Здесь вправду могла бы начаться новая жизнь.
Тут все слепые.
Или полуслепые, если не с близорукостью, а еще с какой-нибудь гадостью. В особой комнате карты лежат – пацаны залезали, читали про всех, но не поняли: почерк, что поделать. Незнакомые латинские слова.
– Ну, типа, Алевтина вообще на Лермонтова не очень похожа.
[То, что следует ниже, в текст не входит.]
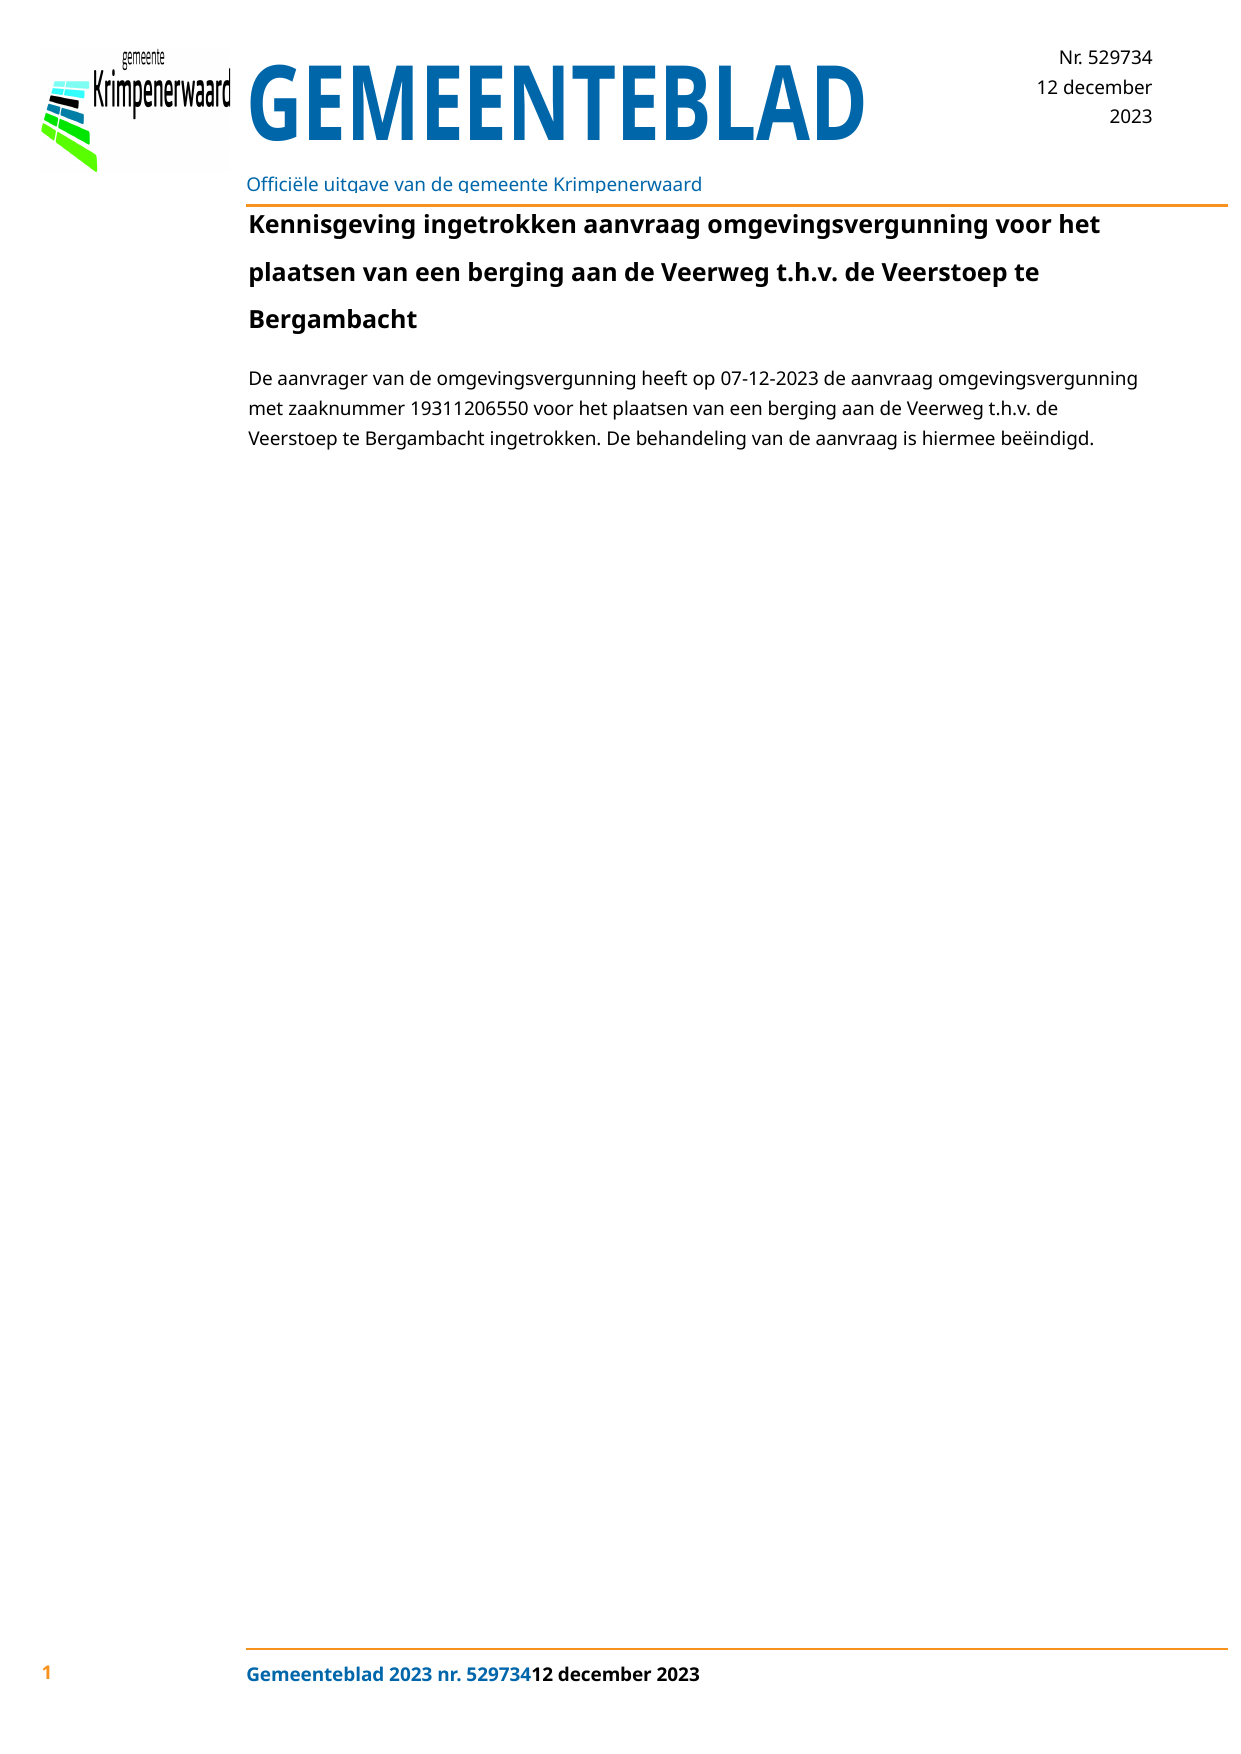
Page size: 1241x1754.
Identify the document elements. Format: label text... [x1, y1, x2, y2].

– Господи, ну ты и дурында. В рифму, смекаешь? Она в рифму все говорила, чтобы за очками топали. А хочешь прикол? Некоторым-то не надо их носить, у них и в карте написано. А Алевтина все равно отправляет. Пацаны ржали, делали очки из проволоки, стекла не вставляли, цепляли так. Дураки. Но она ничего, пропускала.
Так сидели, хлеб в суп крошили, половина столовой – в ненастоящих очках из алюминиевой проволоки, что на помойке за зданием валялась. Мы с папой из такой кольчуги плели, тоже высматривали на столбах, на турниках, свалках. Нарочно ходили, палками гадость разрывали. Один раз жалко было, что кто-то замороженную курицу выкинул, – мы тогда редко мясо покупали. Только окорочка на праздники, чтобы ничего-то не израсходовать зря. Так что мама радовалась, когда удалось сюда определить – будут кормить мясом, должны, чтобы белок был. Недостаток белка провоцирует серьезные проблемы с глазами: успели выучить, от школьной медсестры наслушались. А здесь раз в два дня дают минтай, кусочками, только никто не ест.